THE PROBLEM: Look for the word "high" in the records, and copy each line where it appears.

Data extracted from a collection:
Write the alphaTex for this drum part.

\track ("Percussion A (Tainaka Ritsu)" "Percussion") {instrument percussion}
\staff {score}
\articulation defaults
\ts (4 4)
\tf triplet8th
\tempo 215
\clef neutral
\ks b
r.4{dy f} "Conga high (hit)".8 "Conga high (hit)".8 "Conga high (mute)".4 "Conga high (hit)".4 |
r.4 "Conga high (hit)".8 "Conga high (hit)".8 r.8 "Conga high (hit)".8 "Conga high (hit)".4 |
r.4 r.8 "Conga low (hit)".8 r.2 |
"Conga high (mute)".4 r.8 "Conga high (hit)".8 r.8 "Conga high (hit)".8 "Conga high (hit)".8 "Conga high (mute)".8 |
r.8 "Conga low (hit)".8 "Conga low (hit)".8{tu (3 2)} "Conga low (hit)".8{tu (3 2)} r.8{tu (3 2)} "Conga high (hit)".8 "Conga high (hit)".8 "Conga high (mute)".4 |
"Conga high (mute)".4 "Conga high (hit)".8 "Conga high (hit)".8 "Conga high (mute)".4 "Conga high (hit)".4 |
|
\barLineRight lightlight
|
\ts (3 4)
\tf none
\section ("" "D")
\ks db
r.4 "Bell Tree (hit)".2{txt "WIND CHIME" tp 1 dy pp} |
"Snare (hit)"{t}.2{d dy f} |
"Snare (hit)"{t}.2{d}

TASK OUTPUT:
r.4{dy f} "Conga high (hit)".8 "Conga high (hit)".8 "Conga high (mute)".4 "Conga high (hit)".4 |
r.4 "Conga high (hit)".8 "Conga high (hit)".8 r.8 "Conga high (hit)".8 "Conga high (hit)".4 |
"Conga high (mute)".4 r.8 "Conga high (hit)".8 r.8 "Conga high (hit)".8 "Conga high (hit)".8 "Conga high (mute)".8 |
r.8 "Conga low (hit)".8 "Conga low (hit)".8{tu (3 2)} "Conga low (hit)".8{tu (3 2)} r.8{tu (3 2)} "Conga high (hit)".8 "Conga high (hit)".8 "Conga high (mute)".4 |
"Conga high (mute)".4 "Conga high (hit)".8 "Conga high (hit)".8 "Conga high (mute)".4 "Conga high (hit)".4 |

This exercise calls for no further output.